We used logistic regression for our model to predict PD as the best RECIST response vs. nonPD rather than responder vs. progressor to better reflect the real-world setting where all outcomes (PD, SD, MR, PR, CR) are possible.. We evaluated genomic, transcriptomic, and clinical features. Categorical features were converted to binary features for each categorical value. To be conservative, no gene-level mutations or expression values were individually considered. Global genomic tumor characteristics such as TMB, purity, ploidy, heterogeneity, aneuploidy were considered. Features were generated from the transcriptome including ssGSEA values for genesets representing Cancer Hallmark pathways, and MHC-II and -I antigen presentation genes, as well as gene expression signatures following the methodology as described in their respective publications as described above and in Supplemental Table 6. Clinical characteristics including LDH and ECOG at start of anti-PD1 ICB, number of metastatic organs, gender, Mstage, number of different metastatic sites, metastatic sites, and melanoma subtype were evaluated (Supplemental Table 1). Features were chosen in a forward-selection based process, where features that were statistically significantly predictive (p<0.05) when added to the base model were ranked based on the ability of the combined model to discriminate outcomes (using ROC AUC as the metric), and the best feature chosen to be added to the base model. Potential features were evaluated also based on a manual review considering biological interpretability and clinical applicability. This process was then iterated with the new base model, and stopped when no features under consideration were statistically significantly predictive.

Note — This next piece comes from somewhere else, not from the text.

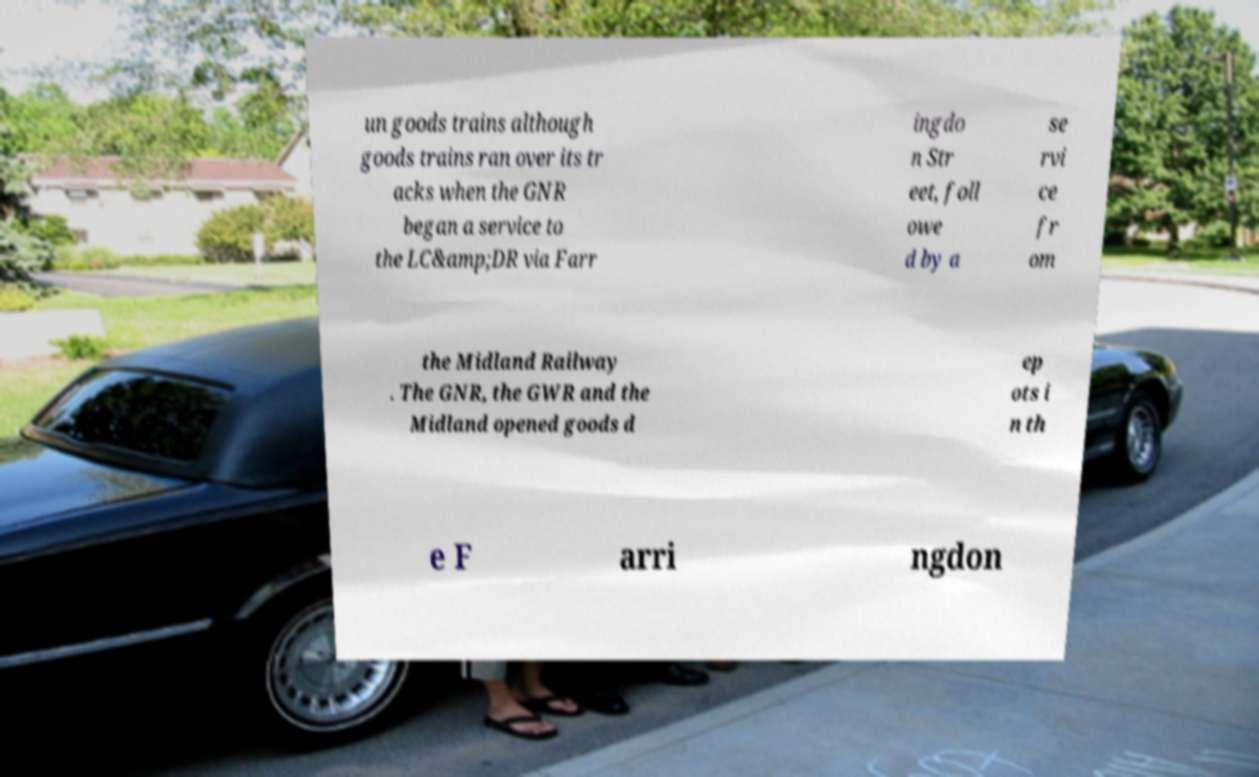Could you extract and type out the text from this image? un goods trains although goods trains ran over its tr acks when the GNR began a service to the LC&amp;DR via Farr ingdo n Str eet, foll owe d by a se rvi ce fr om the Midland Railway . The GNR, the GWR and the Midland opened goods d ep ots i n th e F arri ngdon

The set of tumors with both WES and RNAseq is smaller than the set of tumors with only WES; when the features chosen in model development for ipilimumab-naive tumors resulted in WES features only being chosen, model development was repeated in the superset of tumors requiring only clinical and WES data, and this model in the larger set is reported in the main text.
To estimate the “out-of-bag” AUC, we used k-fold cross-validation (splitting the data set into k subsets, training on k-1 subsets, and calculating AUC on the held out subset), and calculated the mean cross-validation AUC. Given the partially manual review of features, feature selection was not included in cross-validation. For the ipilimumab-treated subset (n=34), we chose k=5 folds, and for the larger ipilimumab-naive subset (n=85), we chose k=10 folds to maintain a cross-validation holdout set of >5 tumors. Cross-validation scores were calculated using the cross_val_score function from the Python sklearn package.
To further evaluate the statistical support for our models, we calculated the Akaike Information Criteria and Bayesian Information Criteria of each subsequent model after adding an additional feature in forward selection in the ipilimumab-experienced and ipilimumab-naive subgroups (Extended Data Figure 8cd), and also evaluated the addition of mutational burden as an additional feature to the selected models.